“Celâl Bey’in Yüksekkaldırım’daki gezintilerinin başka bir amacı da vardı: Fazilet ile buluşmadan önce, doğrudan doğruya Yüksekkaldırım’dan yukarı çıkar ve oradaki yaşlı bir Rum plakçıya uğrardı. İki yaşlı adam dost olmuşlardı; yaşlı plakçı Celâl Bey’in mahremiyetine girme saygısızlışını hiç göstermemesine rağmen, gelen misafirinin acısına katılıyordu. Senfonik müzik plakları ile dolu mağazada Celâl Bey’e sıcak bir çay bardağı eşliğinde biraz temiz müzik dinletiyordu.

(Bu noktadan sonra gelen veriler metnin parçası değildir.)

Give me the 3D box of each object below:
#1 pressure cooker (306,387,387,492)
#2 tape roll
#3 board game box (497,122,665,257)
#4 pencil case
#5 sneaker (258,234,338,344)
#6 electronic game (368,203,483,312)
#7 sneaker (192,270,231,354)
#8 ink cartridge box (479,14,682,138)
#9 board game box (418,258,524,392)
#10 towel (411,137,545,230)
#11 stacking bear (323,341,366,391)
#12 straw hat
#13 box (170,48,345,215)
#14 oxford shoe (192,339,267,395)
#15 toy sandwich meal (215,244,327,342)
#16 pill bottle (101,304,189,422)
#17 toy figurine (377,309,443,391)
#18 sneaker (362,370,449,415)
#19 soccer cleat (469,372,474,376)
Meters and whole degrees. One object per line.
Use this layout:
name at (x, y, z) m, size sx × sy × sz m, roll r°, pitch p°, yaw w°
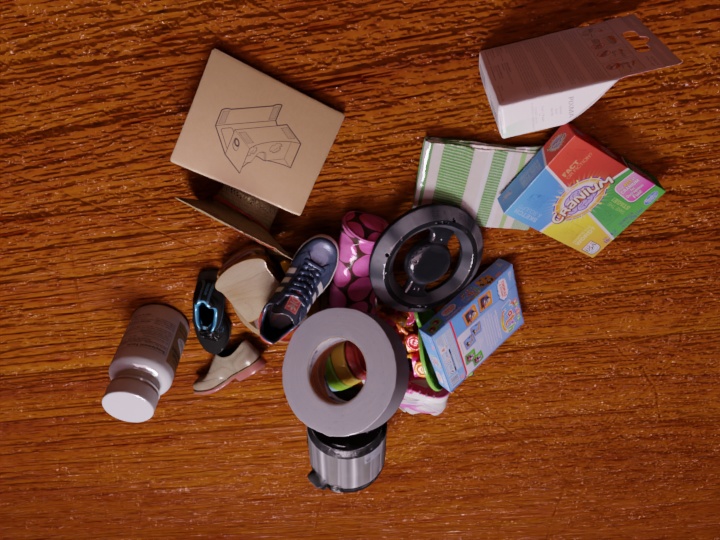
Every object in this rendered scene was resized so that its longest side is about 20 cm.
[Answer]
pressure cooker at (-0.030, 0.379, 1.223) m, size 0.174 × 0.179 × 0.201 m, roll -1°, pitch 130°, yaw -1°
tape roll at (-0.025, 0.161, 0.907) m, size 0.199 × 0.202 × 0.066 m, roll -19°, pitch 163°, yaw 18°
board game box at (0.335, -0.115, 0.858) m, size 0.199 × 0.040 × 0.153 m, roll 21°, pitch 127°, yaw -24°
pencil case at (0.000, 0.000, 0.958) m, size 0.093 × 0.091 × 0.201 m, roll 11°, pitch 128°, yaw 0°
sneaker at (-0.099, 0.036, 0.896) m, size 0.075 × 0.085 × 0.201 m, roll 29°, pitch 107°, yaw -8°
electronic game at (0.108, -0.017, 0.917) m, size 0.199 × 0.042 × 0.201 m, roll -9°, pitch 124°, yaw -14°
sneaker at (-0.288, 0.096, 1.054) m, size 0.073 × 0.082 × 0.201 m, roll 5°, pitch 131°, yaw -2°
ink cartridge box at (0.256, -0.242, 0.690) m, size 0.199 × 0.162 × 0.050 m, roll -9°, pitch 132°, yaw 9°
board game box at (0.201, 0.097, 0.990) m, size 0.200 × 0.037 × 0.152 m, roll -38°, pitch 130°, yaw -17°
towel at (0.186, -0.134, 0.879) m, size 0.198 × 0.023 × 0.153 m, roll 4°, pitch 132°, yaw -4°
stacking bear at (-0.023, 0.159, 0.997) m, size 0.199 × 0.115 × 0.121 m, roll -18°, pitch 160°, yaw 27°
straw hat at (-0.176, -0.100, 0.874) m, size 0.200 × 0.201 × 0.085 m, roll 29°, pitch 87°, yaw -21°
box at (-0.144, -0.189, 0.799) m, size 0.199 × 0.021 × 0.164 m, roll 23°, pitch 100°, yaw -17°
oxford shoe at (-0.282, 0.198, 1.166) m, size 0.199 × 0.070 × 0.075 m, roll -28°, pitch 98°, yaw 25°
toy sandwich meal at (-0.156, 0.049, 0.988) m, size 0.204 × 0.070 × 0.207 m, roll 5°, pitch 115°, yaw 11°
pill bottle at (-0.397, 0.170, 1.044) m, size 0.113 × 0.201 × 0.115 m, roll 1°, pitch 131°, yaw 1°
toy figurine at (0.048, 0.136, 1.060) m, size 0.183 × 0.150 × 0.201 m, roll -10°, pitch 109°, yaw 23°
sneaker at (0.086, 0.239, 1.122) m, size 0.199 × 0.081 × 0.089 m, roll 15°, pitch 132°, yaw 32°
soccer cleat at (0.168, 0.194, 1.133) m, size 0.081 × 0.068 × 0.200 m, roll 35°, pitch 125°, yaw -15°

Bu arada aralarında fazla bir konuşmanın sürüp gittiği de söylenemezdi… İki yaşlı adam birbirinin derin gizliliğine konuşmadan giriyor, acılarını paylaşıyorlardı. Ve, bu ziyaretlerin sonunda aşağı yukarı hep aynı cümleler tekrarlanıyordu.
– Benim için bir şeyler hazırladınız mı, efendim?
Ve beyaz kolalı yakalı gömlekli plakçı, dükkânının arkalarına giderek beraberinde bir paketle dönüyordu:
– Dört set temin edebildim, beyefendi… Temiz kullanılmış… dikkat ettim… hele birisi… von Karajan Berlin Senfoni’yi idare ediyor… Çok güzel bir Kader Senfonisi… hemen hemen cızırtısı hiç yok.. sizin nasıl kullandışınızı biliyorum… ümit ederim ki, bunlar size kış sonuna kadar yeter… Size iyi Beethoven’ler dilerim…”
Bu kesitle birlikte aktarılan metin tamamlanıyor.